I think I'm okay in my situation, the 2nd system isn't used by any users, it's merely for emergency failover. While I know it's not the ideal failover situation, it's the best option given the constraints of the organziation I have to work with.
The only time the 2nd server will be used by end users is if the main server goes down, I'll have to manually make the switch and then deal with the differences in the database when the main server gets repaired. I'm also making daily backups of the database, so I think I'm pretty well covered. We just needed an option that would keep Moodle up in the event of a hardware failure.
Looks like the warnings were right, master-master creates database errrors left and right.
I started with slave-master and then went to master-master because the first setup cause duplciate key entires. The second database is on a duplciate server running Moodle, so when I went to access that server to verify the replication, it would create errors. I guess I just need to setup the master-slave with a non-live database and check it on occassion to make sure it's replicating.
I'm still in test phase, so it's not been a critical issue. I appreciate the input from you guys!

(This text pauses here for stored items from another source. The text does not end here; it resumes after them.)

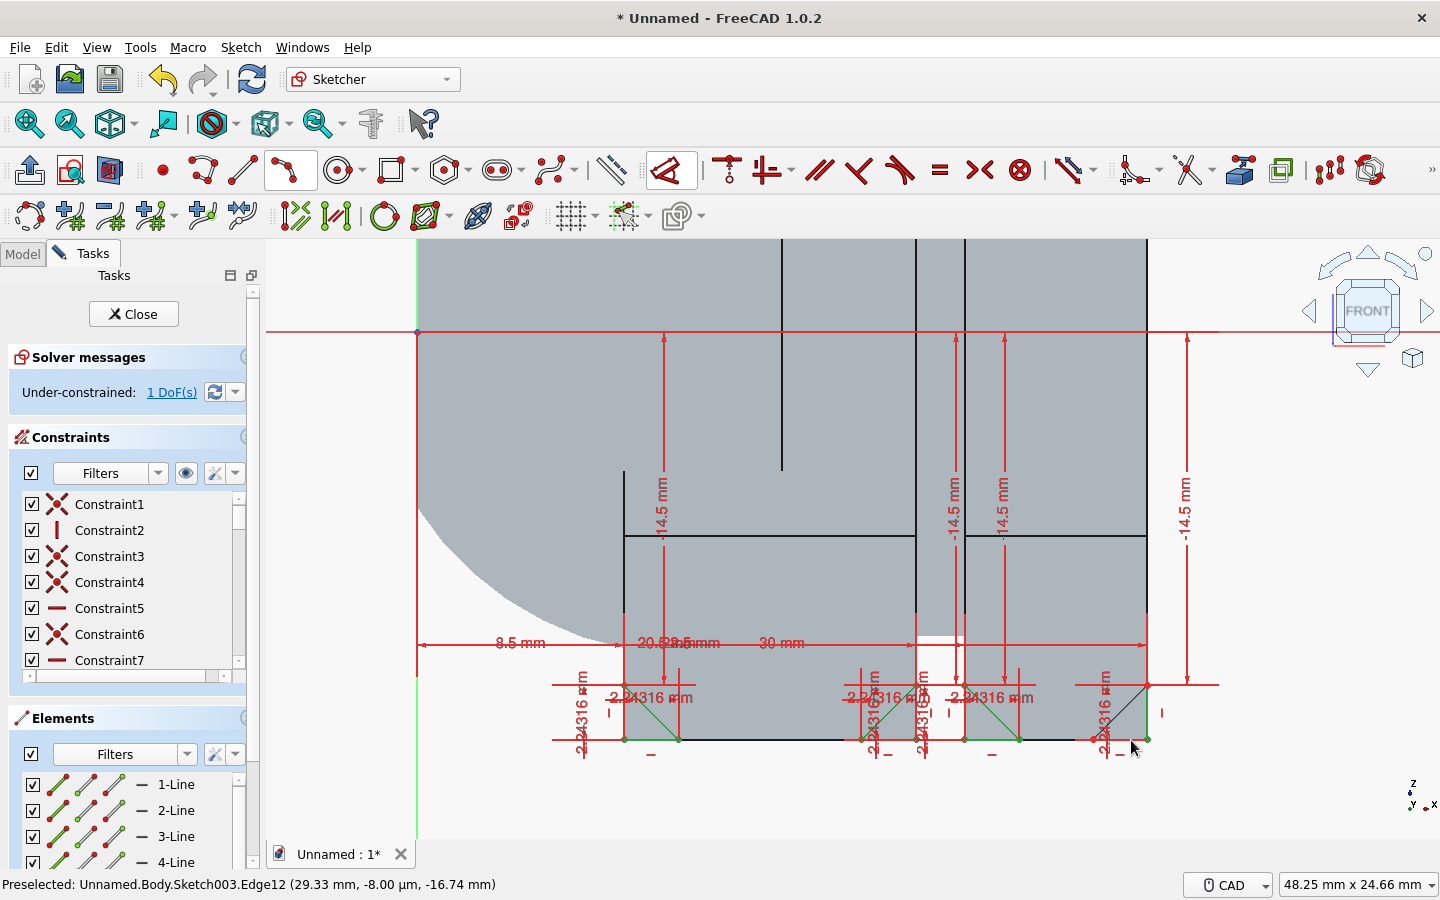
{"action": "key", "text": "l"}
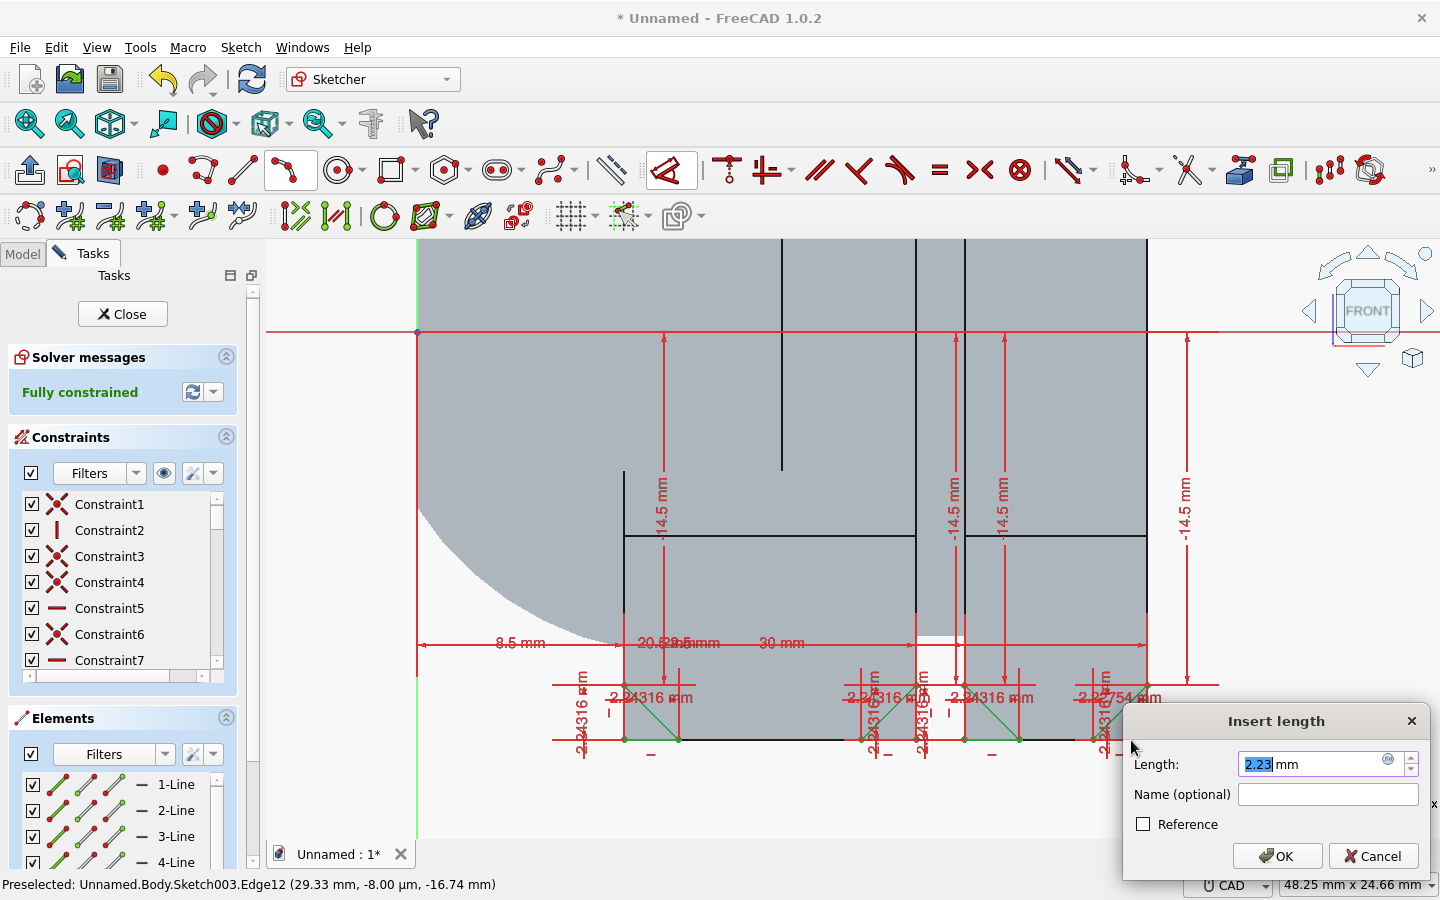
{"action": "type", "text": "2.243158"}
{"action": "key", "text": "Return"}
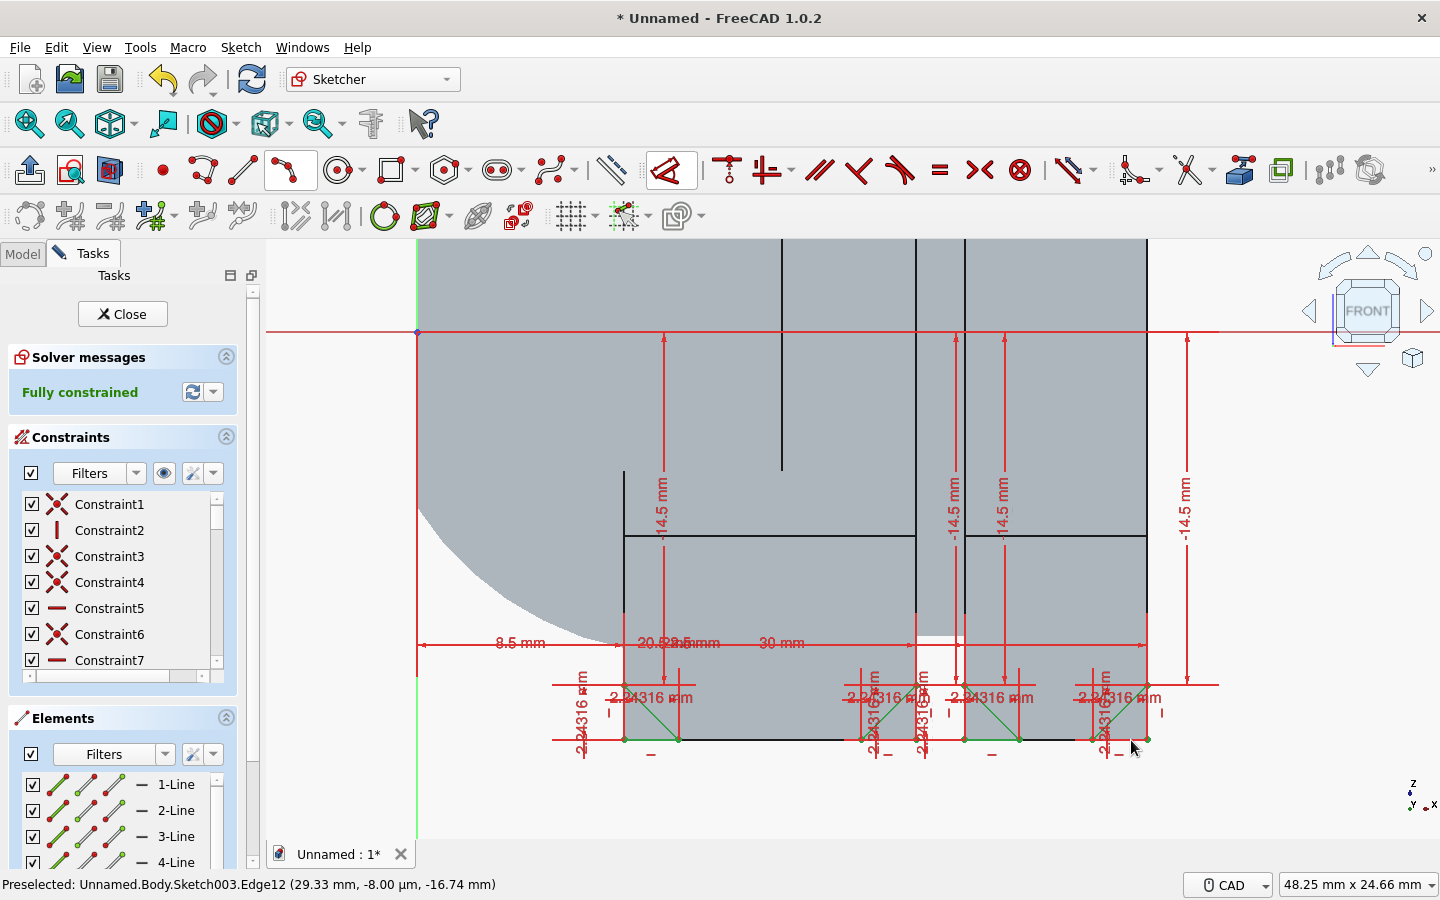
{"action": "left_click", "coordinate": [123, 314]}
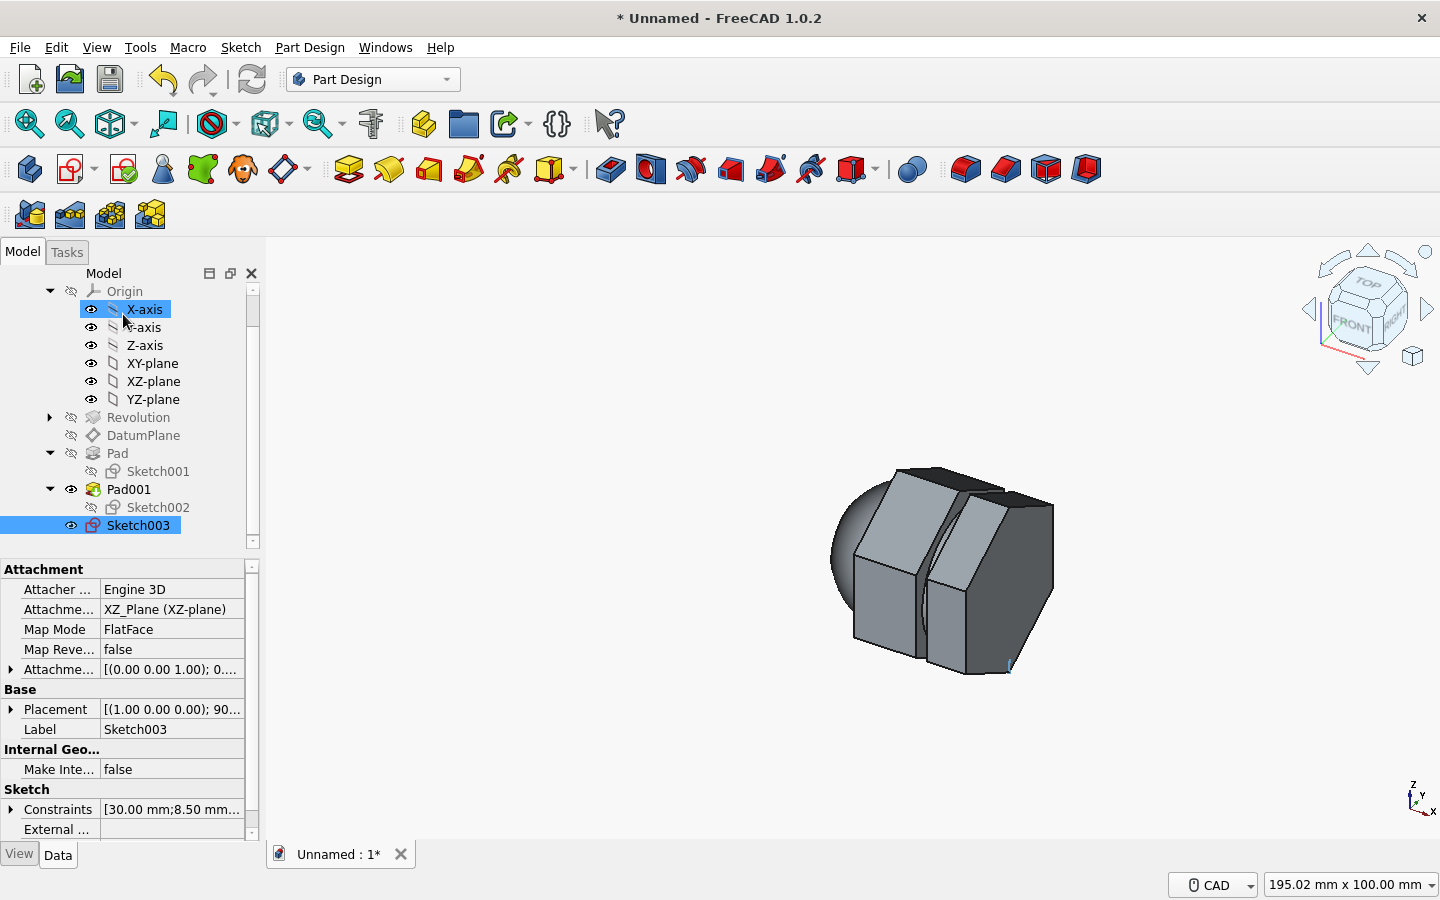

I'd really like to get a true failover setup, but I'm limited on what I can do in terms of getting IPs setup and I only have the two boxes to work with.
This may seem like a relatively scary prospect, but have you considered moving to Postgres. Postgres doesn't support multi-master (yet), but it does support streaming replication from Postgres 9.0 onwards. We, and many other of the large Moodle installations, prefer postgres over MySQL for a plethora of reasons. It's highly scalable and pretty easy to tune (see the Postgres Tuning Wiki for initial pointers). It also cares about your data far more than an out-of-the-box MySQL installation, and a well tuned postgres installation is a very good match for a well tuned MySQL installation (ignore any performance guidelines which say to switch to MyISAM - it's not ACID compliant).
If you do go down the postgres route, I'd also recommend looking at pgpool-II as a connection pooler - this reduces the connection overhead to your database.
With streaming replication in Postgres, you can perform read-only queries on the slave, and read-write queries on the master. Later versions of pgpool-II can send non-transactional read-only requests to your slave (if it's hot enough) and write or transactional requests to your master to help spread the load.
Others on these forums have been experimenting with MySQL Cluster server, but I'm not sure of it's capabilities or how they're getting on -- perhaps they may like to post with their experiences.
I know that this is a little late for responses, but have you considered using keepalived rather than heartbeat for IP failover on your load balancers?
haproxy is a little less STONITH and more about VRRP priority, but one of the main benefits to your setup is that you can have a pair of VIPs, with each having priority on a different load balancer. If either load balancer fails its healthchecks, the VIP will swing over to the other load balancer automatically and users shouldn't notice any difference.
You could easily have each load balancer configured to give the virtual server(s) on the same host a higher weighting such that they're used in preference to the second server but all servers can still be used.
You may also want to look at haproxy rather than nginx for the load balancing. Although it doesn't terminate your SSL connections, it does load balancing very well. If you do discover that session stickyness is important, you can direct sessions based upon client IP hashing which should (I believe) work consistently between two load balancers -- this isn't strictly required for Moodle.